Tuesday, 22 January 2013

Terabyte Migrations, Chapter 2

The tenders were called, the bid went in. My plan was to use Enterprise Replication to shift the bulk of their data, leaving the old Solaris and new Linux boxes tracking for a few days until we could do the cut-over with a nominal outage during a quiet period for the apps. The client must have thought this sounded great, because we got the job.

Just because I had this page in draft as a guide for the continuing story, I'll put it up. Needless to say, a lot of reasons, explanations and solutions need to be written to flesh it out. Some of the items would have taken their own pages.

Where shall I go with this chapter? I'll start with a shopping list of points...

Have a script to quickly show the PK on tables.

Put explicit primary key definitions on almost all tables. "Almost" is because you might find that things like audit tables, log tables, etc have no indexes whatsoever. The trade-off is having to migrate the data in these tables during the actual cut-over session, and that will take some time. Also, the table might be the target of a foreign key, which means that the dependent table can't be replicated if this table is not replicated.

Setup the replication to be one-way (Primary/Target) on the production systems.

Have a script available to diff the count of rows on both sides. Add other scripts for further integrity checking if you so desire.

Older IDS versions such as 10's or 9's cannot participate in the cdr validation or cdr repair commands.

Disable triggers on a the ER target - the new machine, that is.

Prepare a topologically sorted list of the tables, sorted for PK/FK dependency so you can migrate tables from parents down to child tables. Beware circular references in the PK/FK's

The alternative is to disable all FK on the new database until the migrations are all finished. NOTE: you cannot disable the PK because ER needs them.

Since ER requires primary keys, you can't disable or delete the PK from the target machine in the hope of a faster load.

Have a script to calculate decent extent sizes for the new machine. The script can analyse the output of oncheck -pt from the old machine. NOTE: going from 32 to 64 bit machines will probably make the data grow. You should also aim to make the extents have a bit of growth factor anyway, so take that into account.

Calculate your first and next extent sizes thoughtfully. If you're lucky, all the tables have explicitly named indexes so that you can set the extent sizes directly. Any "secret" index backing a unique or other constraint will have to rely on the NEXT SIZE setting of the table to allocate it's extent; if these hidden indexes take significantly different amounts of space, you'll not be able to pick a perfect growth factor.
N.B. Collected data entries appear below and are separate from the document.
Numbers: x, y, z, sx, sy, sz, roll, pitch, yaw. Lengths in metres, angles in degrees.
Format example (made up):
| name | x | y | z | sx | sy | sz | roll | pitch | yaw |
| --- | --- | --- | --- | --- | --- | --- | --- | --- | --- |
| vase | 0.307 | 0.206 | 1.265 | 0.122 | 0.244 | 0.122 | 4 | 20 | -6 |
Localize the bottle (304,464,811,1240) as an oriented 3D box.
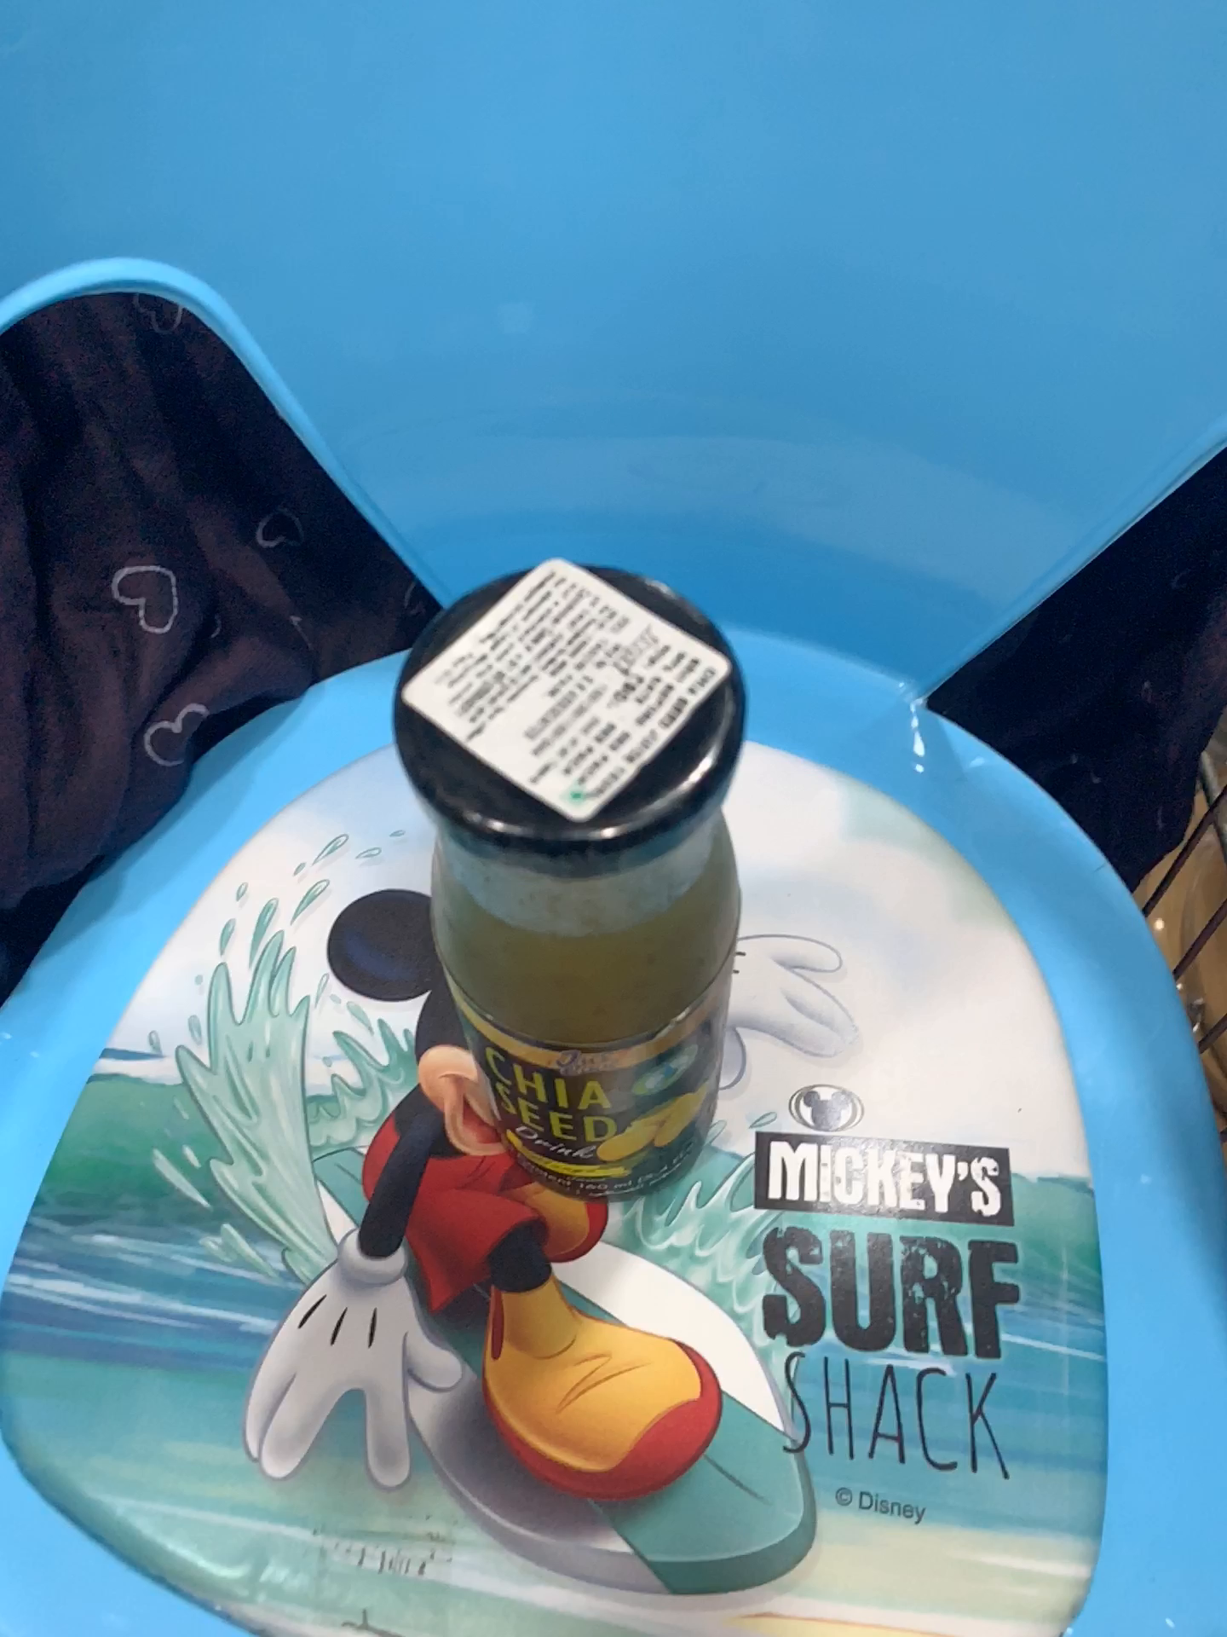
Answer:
| name | x | y | z | sx | sy | sz | roll | pitch | yaw |
| --- | --- | --- | --- | --- | --- | --- | --- | --- | --- |
| bottle | -0.003 | 0.017 | 0.209 | 0.050 | 0.140 | 0.050 | -1 | 54 | 1 |
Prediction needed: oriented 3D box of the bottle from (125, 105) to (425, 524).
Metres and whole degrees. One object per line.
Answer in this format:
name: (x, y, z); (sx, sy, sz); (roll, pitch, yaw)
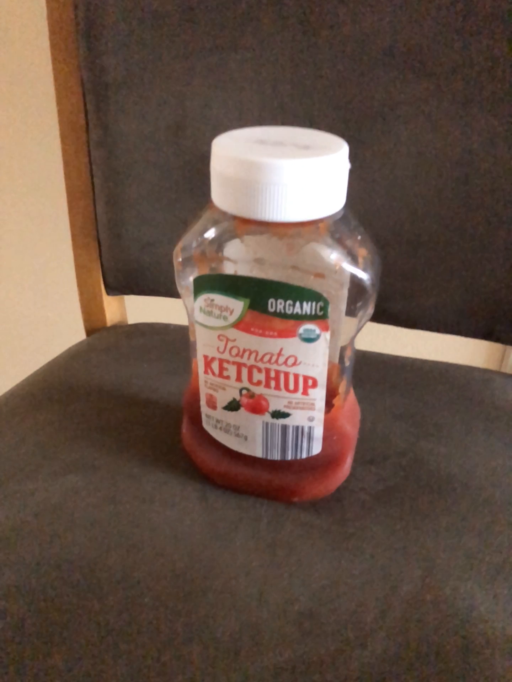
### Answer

Unloading tables with a massive amount of blobs are worth unloading and loading with a few parallel processes. Unfortunately, the HPL kinda sucks for blobs...


Beware raw tables with HDR. They cannot be promoted to STANDARD under HDR. One part of the middle-sized system would build a bunch of data into a raw table (allegedly for speed) and then convert it to a standard table and shove some indexes on it. With HDR running, this process was failing. Sadly, the process was building a very large list of permissions a person had concerning every document in the system, and it had to be prepared before they could complete login!

Beware the old trick of building an unlogged database then converting it to logged. This cannot be used with ER; nor will HDR allow this.